Work to be completed. Lines before the one containing "This picture is" are left out; output the rest of the data exactly, through the final line.

Saved entries.
-- Opening Marker --

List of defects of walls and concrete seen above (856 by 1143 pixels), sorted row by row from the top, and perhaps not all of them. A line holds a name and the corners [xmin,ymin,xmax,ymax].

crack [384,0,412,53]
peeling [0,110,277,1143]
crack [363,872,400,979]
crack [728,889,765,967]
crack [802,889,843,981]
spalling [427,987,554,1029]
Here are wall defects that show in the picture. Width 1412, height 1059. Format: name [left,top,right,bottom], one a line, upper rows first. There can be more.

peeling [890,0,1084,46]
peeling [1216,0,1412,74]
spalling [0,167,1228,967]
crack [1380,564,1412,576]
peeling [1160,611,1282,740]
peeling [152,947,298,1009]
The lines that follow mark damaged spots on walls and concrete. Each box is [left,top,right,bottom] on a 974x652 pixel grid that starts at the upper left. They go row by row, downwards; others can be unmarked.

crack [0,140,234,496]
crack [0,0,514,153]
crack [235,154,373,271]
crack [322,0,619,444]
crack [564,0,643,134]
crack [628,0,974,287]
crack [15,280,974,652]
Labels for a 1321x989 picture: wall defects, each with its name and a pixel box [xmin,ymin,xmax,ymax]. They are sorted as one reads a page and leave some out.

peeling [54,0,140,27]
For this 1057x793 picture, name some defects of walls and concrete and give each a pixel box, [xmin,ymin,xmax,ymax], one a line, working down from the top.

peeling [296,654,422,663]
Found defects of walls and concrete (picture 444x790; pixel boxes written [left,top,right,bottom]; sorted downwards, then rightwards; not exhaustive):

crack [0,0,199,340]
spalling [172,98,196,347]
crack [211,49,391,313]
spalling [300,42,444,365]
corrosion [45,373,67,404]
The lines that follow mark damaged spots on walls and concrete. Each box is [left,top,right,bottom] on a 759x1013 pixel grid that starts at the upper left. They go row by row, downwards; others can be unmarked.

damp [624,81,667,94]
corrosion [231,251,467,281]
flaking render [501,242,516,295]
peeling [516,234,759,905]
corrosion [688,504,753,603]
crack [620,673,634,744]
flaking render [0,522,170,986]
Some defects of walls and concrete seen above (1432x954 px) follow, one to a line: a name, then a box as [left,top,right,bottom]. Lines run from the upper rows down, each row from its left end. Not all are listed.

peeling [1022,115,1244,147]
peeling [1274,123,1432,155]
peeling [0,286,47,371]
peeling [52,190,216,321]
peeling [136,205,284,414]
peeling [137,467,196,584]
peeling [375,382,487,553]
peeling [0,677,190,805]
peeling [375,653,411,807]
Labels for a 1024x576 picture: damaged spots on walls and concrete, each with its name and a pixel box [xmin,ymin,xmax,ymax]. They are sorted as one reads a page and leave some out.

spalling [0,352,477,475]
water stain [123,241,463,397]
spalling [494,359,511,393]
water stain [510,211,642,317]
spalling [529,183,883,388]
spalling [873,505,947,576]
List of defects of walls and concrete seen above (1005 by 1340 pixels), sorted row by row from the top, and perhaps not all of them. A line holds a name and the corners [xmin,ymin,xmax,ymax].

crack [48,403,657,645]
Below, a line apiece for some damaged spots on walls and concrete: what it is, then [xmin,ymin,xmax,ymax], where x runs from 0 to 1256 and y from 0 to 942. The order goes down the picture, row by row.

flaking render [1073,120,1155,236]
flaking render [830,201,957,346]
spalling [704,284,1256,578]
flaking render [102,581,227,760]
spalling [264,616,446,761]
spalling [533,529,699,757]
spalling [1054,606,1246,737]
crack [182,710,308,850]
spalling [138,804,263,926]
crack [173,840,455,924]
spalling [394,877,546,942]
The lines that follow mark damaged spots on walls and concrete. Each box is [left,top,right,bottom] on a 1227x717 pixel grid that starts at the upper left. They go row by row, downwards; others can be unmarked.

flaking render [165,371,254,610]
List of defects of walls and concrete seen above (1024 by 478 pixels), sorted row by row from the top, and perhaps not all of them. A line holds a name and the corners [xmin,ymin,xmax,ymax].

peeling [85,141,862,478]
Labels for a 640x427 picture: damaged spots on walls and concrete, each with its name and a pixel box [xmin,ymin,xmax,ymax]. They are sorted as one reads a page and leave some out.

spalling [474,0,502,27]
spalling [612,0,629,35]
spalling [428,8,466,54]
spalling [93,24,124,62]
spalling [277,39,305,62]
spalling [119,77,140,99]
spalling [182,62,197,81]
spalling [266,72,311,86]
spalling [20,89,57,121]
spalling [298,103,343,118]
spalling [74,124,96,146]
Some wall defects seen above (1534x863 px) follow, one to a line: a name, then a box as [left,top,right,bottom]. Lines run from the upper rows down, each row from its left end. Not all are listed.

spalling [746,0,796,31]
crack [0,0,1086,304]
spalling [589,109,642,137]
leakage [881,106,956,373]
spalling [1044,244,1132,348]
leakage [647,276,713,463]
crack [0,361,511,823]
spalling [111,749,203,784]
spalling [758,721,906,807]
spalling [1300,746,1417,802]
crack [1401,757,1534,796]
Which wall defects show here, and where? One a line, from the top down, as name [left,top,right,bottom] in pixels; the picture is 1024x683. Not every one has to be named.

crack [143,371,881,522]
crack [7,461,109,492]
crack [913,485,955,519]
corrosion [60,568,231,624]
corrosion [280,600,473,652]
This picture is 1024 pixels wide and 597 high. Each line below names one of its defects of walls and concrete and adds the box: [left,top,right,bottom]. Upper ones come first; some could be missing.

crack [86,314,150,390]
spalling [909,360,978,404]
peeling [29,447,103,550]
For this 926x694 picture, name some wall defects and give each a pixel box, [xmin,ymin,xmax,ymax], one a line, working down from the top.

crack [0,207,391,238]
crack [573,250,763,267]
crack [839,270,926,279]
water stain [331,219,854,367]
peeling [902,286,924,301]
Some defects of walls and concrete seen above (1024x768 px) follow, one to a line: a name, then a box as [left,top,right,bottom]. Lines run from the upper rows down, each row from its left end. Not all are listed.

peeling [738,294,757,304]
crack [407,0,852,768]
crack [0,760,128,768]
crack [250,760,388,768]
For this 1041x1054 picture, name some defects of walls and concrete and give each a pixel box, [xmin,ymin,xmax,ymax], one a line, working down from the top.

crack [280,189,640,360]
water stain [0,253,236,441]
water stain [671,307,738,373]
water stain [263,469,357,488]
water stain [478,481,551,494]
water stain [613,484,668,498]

-- Closing Marker --

Response.
This picture is 1024 pixels wide and 597 high. Each line below names one of its defects of walls and concrete and adds the box: [left,top,right,bottom]. Upper ones come first; some could be missing.

crack [86,314,150,390]
spalling [909,360,978,404]
peeling [29,447,103,550]
For this 926x694 picture, name some wall defects and give each a pixel box, [xmin,ymin,xmax,ymax], one a line, working down from the top.

crack [0,207,391,238]
crack [573,250,763,267]
crack [839,270,926,279]
water stain [331,219,854,367]
peeling [902,286,924,301]
Some defects of walls and concrete seen above (1024x768 px) follow, one to a line: a name, then a box as [left,top,right,bottom]. Lines run from the upper rows down, each row from its left end. Not all are listed.

peeling [738,294,757,304]
crack [407,0,852,768]
crack [0,760,128,768]
crack [250,760,388,768]
For this 1041x1054 picture, name some defects of walls and concrete and give each a pixel box, [xmin,ymin,xmax,ymax], one a line, working down from the top.

crack [280,189,640,360]
water stain [0,253,236,441]
water stain [671,307,738,373]
water stain [263,469,357,488]
water stain [478,481,551,494]
water stain [613,484,668,498]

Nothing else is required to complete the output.